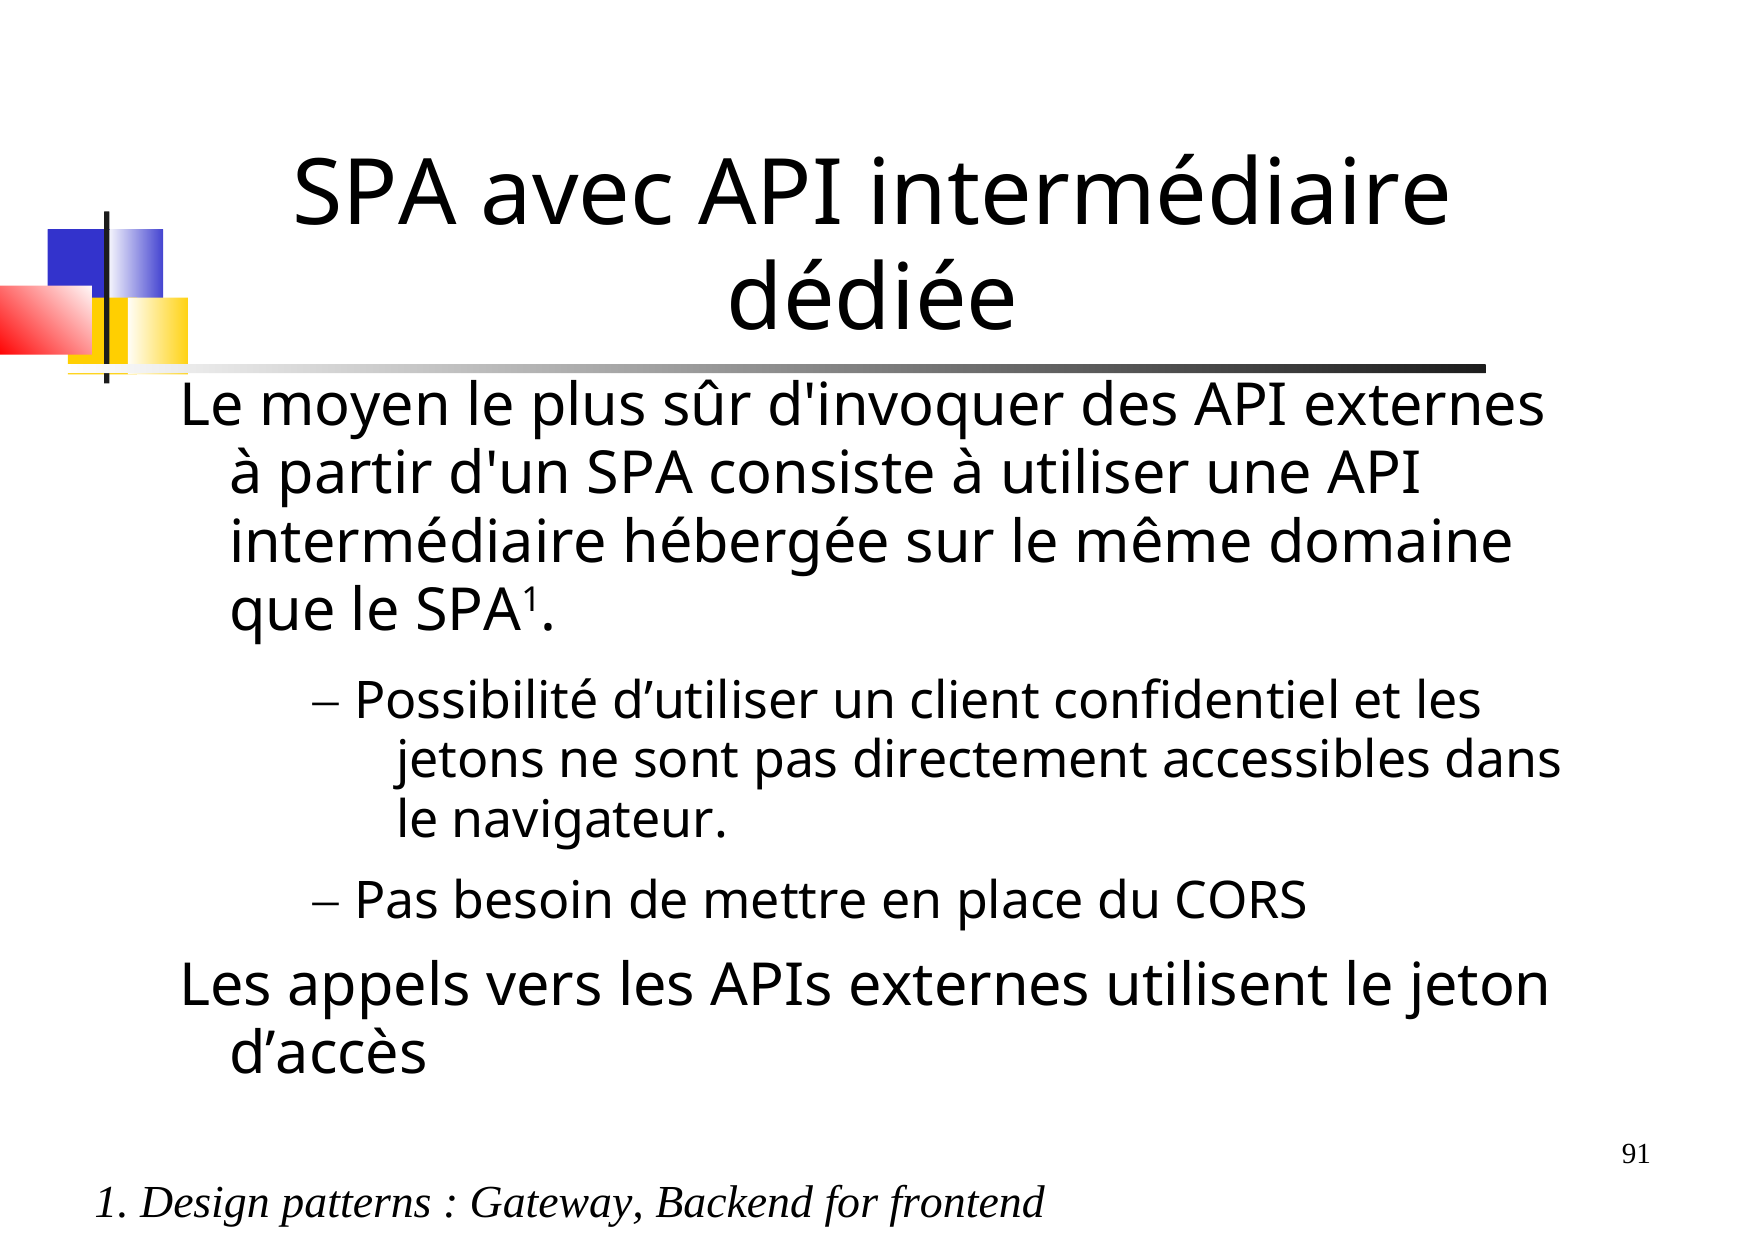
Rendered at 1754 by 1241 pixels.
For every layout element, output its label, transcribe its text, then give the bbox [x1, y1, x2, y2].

list Le moyen le plus sûr d'invoquer des API externes à partir d'un SPA consiste à utiliser une API intermédiaire hébergée sur le même domaine que le SPA1. Possibilité d’utiliser un client confidentiel et les jetons ne sont pas directement accessibles dans le navigateur. Pas besoin de mettre en place du CORS Les appels vers les APIs externes utilisent le jeton d’accès [179, 371, 1567, 1091]
title SPA avec API intermédiaire dédiée [179, 139, 1567, 351]
text_box 1. Design patterns : Gateway, Backend for frontend [79, 1168, 1073, 1236]

__REQUIRED WORK__
All lines from the one containing "For every layout" to the end of the records are to be duplicated exactly, and no other lines are to be given.

__SOLUTION TO THIS PROBLEM__
For every layout element, output its label, transcribe its text, then give the bbox [x1, y1, x2, y2].

list Le moyen le plus sûr d'invoquer des API externes à partir d'un SPA consiste à utiliser une API intermédiaire hébergée sur le même domaine que le SPA1. Possibilité d’utiliser un client confidentiel et les jetons ne sont pas directement accessibles dans le navigateur. Pas besoin de mettre en place du CORS Les appels vers les APIs externes utilisent le jeton d’accès [179, 371, 1567, 1091]
title SPA avec API intermédiaire dédiée [179, 139, 1567, 351]
text_box 1. Design patterns : Gateway, Backend for frontend [79, 1168, 1073, 1236]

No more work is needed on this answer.